From b218a23ba0a1c32915abebfa0839131de88eb7cb Mon Sep 17 00:00:00 2001
From: "Ahmed Hussein (amahussein)"
Date: Fri, 13 Dec 2024 14:40:11 -0600
Subject: [PATCH] Deduplicate calls to aggregateSparkMetricsBySql
Signed-off-by: Ahmed Hussein (amahussein)
Contributes to #1461
AppSparkMetricsAnalyzer was calling `aggregateSparkMetricsBySql` twice.
This code change eleiminates this redundancy to save CPU time and memory
allocations.
---
.../spark/rapids/tool/analysis/AppSparkMetricsAggTrait.scala | 5 +++--
1 file changed, 3 insertions(+), 2 deletions(-)
diff --git a/core/src/main/scala/com/nvidia/spark/rapids/tool/analysis/AppSparkMetricsAggTrait.scala b/core/src/main/scala/com/nvidia/spark/rapids/tool/analysis/AppSparkMetricsAggTrait.scala
index 0f43ae8b2..30fb10ac9 100644
--- a/core/src/main/scala/com/nvidia/spark/rapids/tool/analysis/AppSparkMetricsAggTrait.scala
+++ b/core/src/main/scala/com/nvidia/spark/rapids/tool/analysis/AppSparkMetricsAggTrait.scala
@@ -35,12 +35,13 @@ trait AppSparkMetricsAggTrait extends AppIndexMapperTrait {
def getAggRawMetrics(app: AppBase, index: Int, sqlAnalyzer: Option[AppSQLPlanAnalyzer] = None):
AggRawMetricsResult = {
val analysisObj = new AppSparkMetricsAnalyzer(app)
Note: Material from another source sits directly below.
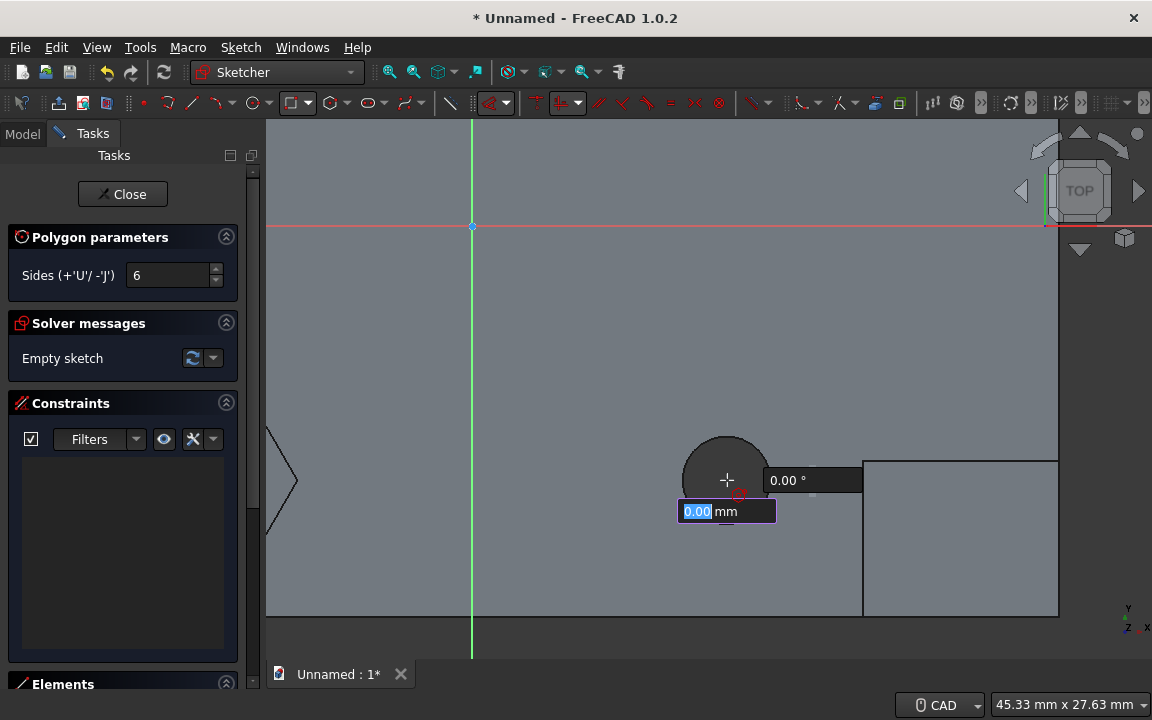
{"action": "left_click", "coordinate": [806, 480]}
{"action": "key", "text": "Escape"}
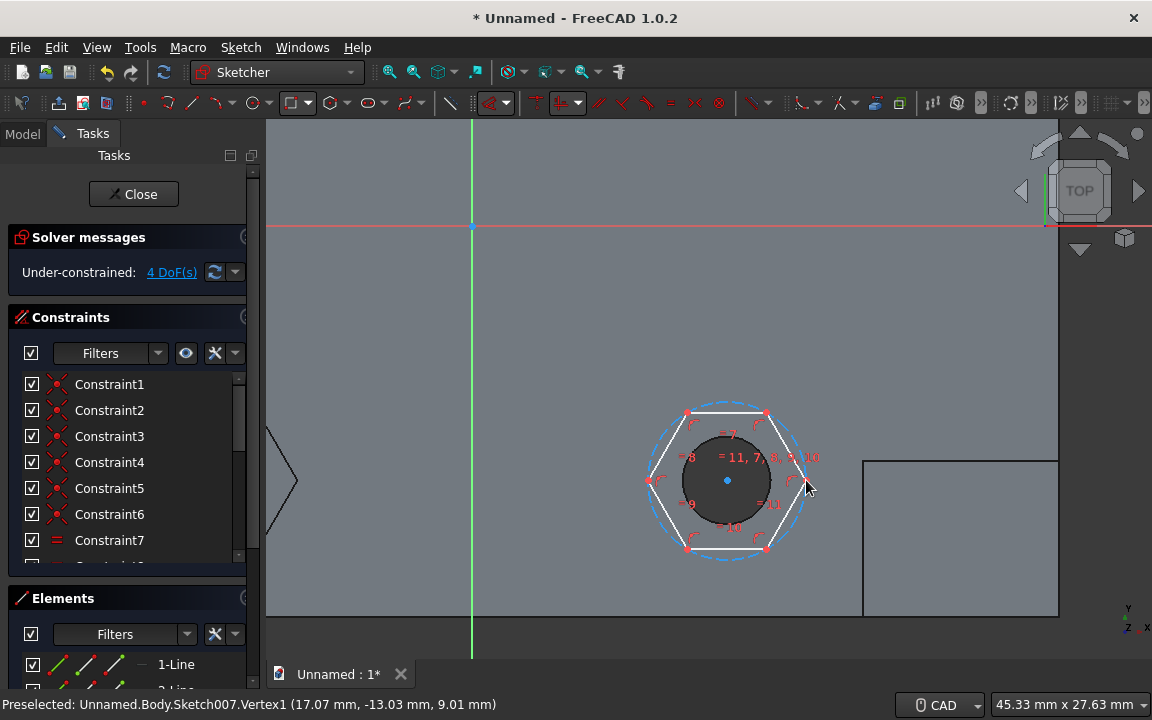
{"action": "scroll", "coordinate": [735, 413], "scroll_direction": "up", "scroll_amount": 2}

+ val sqlMetricsAgg = analysisObj.aggregateSparkMetricsBySql(index)
AggRawMetricsResult(
analysisObj.aggregateSparkMetricsByJob(index),
analysisObj.aggregateSparkMetricsByStage(index),
analysisObj.shuffleSkewCheck(index),
- analysisObj.aggregateSparkMetricsBySql(index),
- analysisObj.aggregateIOMetricsBySql(analysisObj.aggregateSparkMetricsBySql(index)),
+ sqlMetricsAgg,
+ analysisObj.aggregateIOMetricsBySql(sqlMetricsAgg),
analysisObj.aggregateDurationAndCPUTimeBySql(index),
Seq(analysisObj.maxTaskInputSizeBytesPerSQL(index)),
analysisObj.aggregateDiagnosticMetricsByStage(index, sqlAnalyzer))